You say there is no good solution here, but you have laid out what you think is the best or least bad solution.

That’s correct.

But does either party want it? How do you understand at this point what Hamas and the Netanyahu government want? Let’s start with Netanyahu.

I think he doesn’t want the current ceasefire. He was forced to accept it because it was imposed on him. And of course, there is a very wide gap between his demands for a ceasefire and what actually happened. For example, he demanded that Hamas make a very clear commitment to complete disarmament. And of course, we don’t see it at the moment. I am sure that Netanyahu’s government will not be satisfied with the scenario I described above. I think that perhaps another government in Israel, when there are elections, will be more satisfied with such a scenario. And I think that other actors, like Turkey and Qatar, will be very satisfied with such a scenario, because they will be able to preserve Hamas as an actor in Gaza. But at the same time, they can tell that there is some kind of change, even if it’s a cosmetic change.

And as for the United States, I’m sure there will be no way to implement all the goals it has set, such as achieving the total disarmament of Hamas or convincing Hamas to accept all the international forces that Vice President JD Vance talked about during his recent trip to Israel. He spoke of Indonesian and Gulf forces potentially deploying to Gaza. But I think Hamas has some reservations about the presence of a large international force.

Netanyahu has long resisted a ceasefire. You said that the ceasefire was imposed on him. But what does he want? When we spoke several months ago, you thought Netanyahu was flirting with the expansionist views on Gaza resettlement expressed by his right-wing ministers Bezalel Smotrich and Itamar Ben-Gvir.
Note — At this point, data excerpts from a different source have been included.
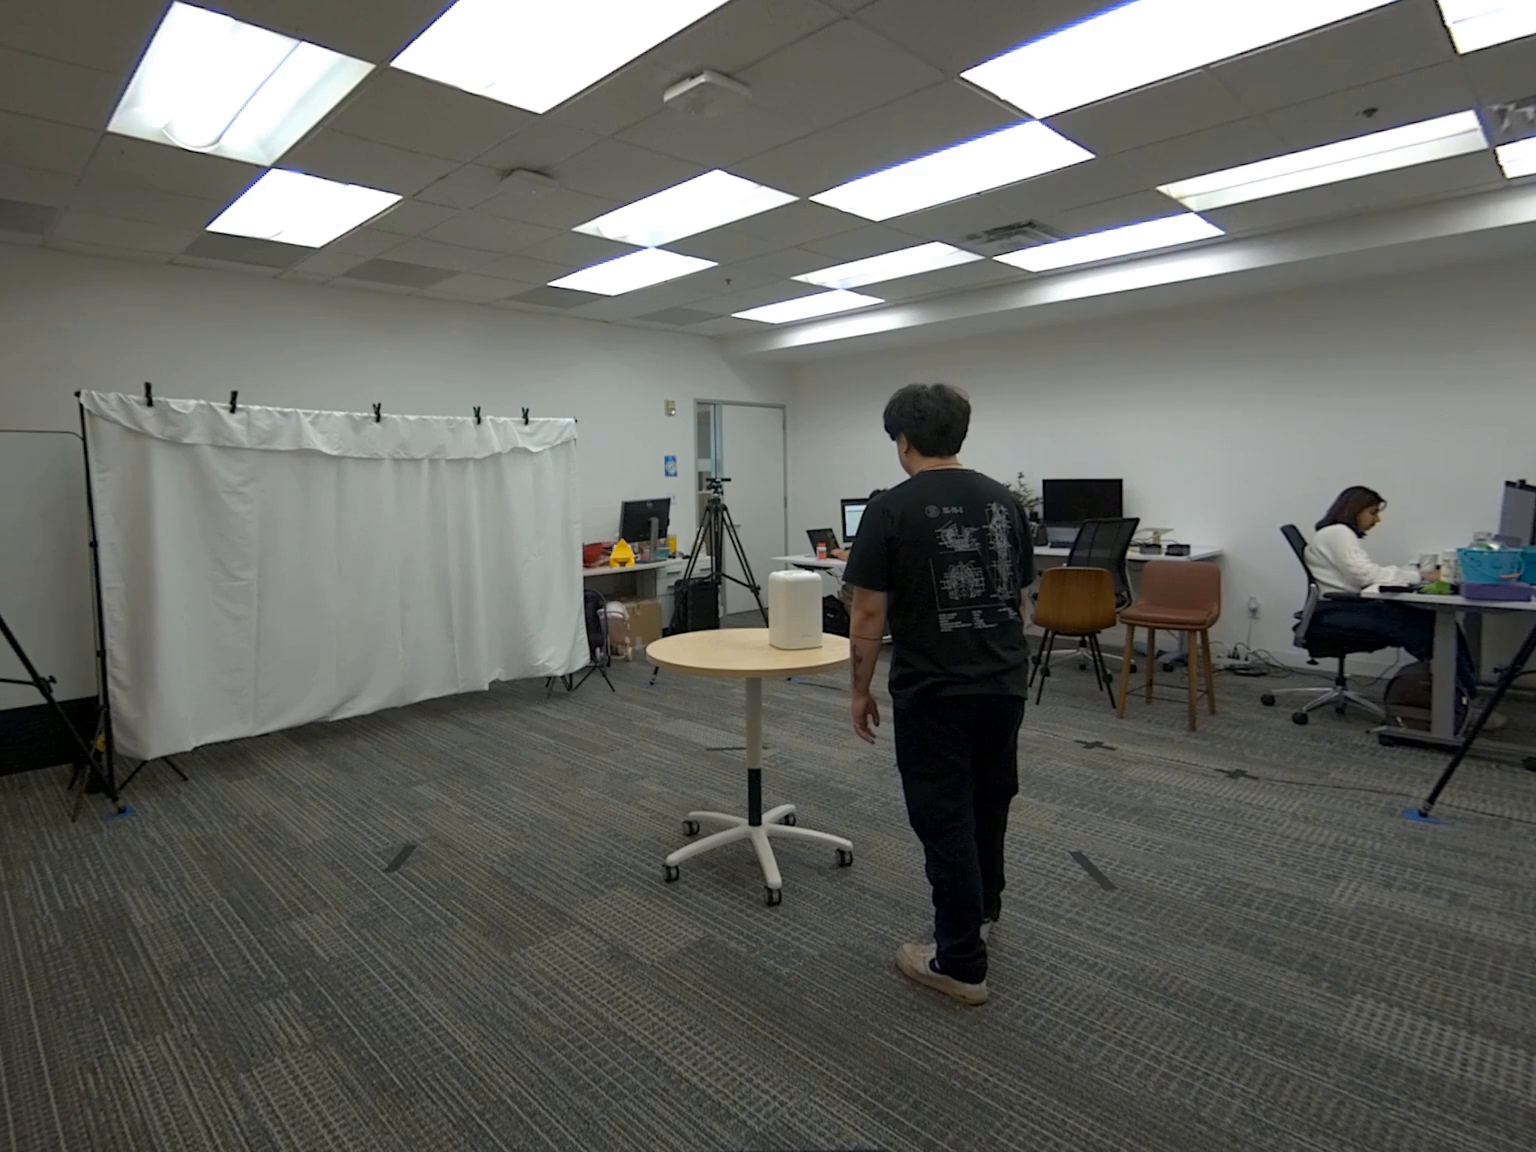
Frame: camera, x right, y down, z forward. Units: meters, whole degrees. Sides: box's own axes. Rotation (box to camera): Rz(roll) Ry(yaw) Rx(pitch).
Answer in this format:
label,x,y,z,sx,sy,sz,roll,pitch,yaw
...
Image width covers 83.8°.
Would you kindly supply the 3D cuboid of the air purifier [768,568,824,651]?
label,x,y,z,sx,sy,sz,roll,pitch,yaw
air purifier,0.104,0.118,3.073,0.168,0.265,0.175,-1,3,-21

What do you think he really wants now?

What he really wants is to be able to announce the defeat of Hamas, even if it means occupying most, if not all, of Gaza, and even staying there. Smotrich and Ben-Gvir are of course keen to occupy Gaza and even encourage Palestinians to emigrate from Gaza. Regarding Netanyahu, I think he understands that he can’t really convince many people in Israel today that he defeated Hamas. And I think he’s very bothered by the fact that Hamas still exists, that Hamas is still the dominant player in Gaza. If he could choose, he would prefer to continue the war. It seems that it was President Trump who decided to end the war.

What I find strange from Netanyahu’s point of view is this: you say he doesn’t want Hamas to remain in control of Gaza.

That’s correct.

But I understand that he also does not want the Palestinian Authority [P.A.] in Gaza, and he certainly does not want conditions in Gaza to make the creation of a Palestinian state more likely.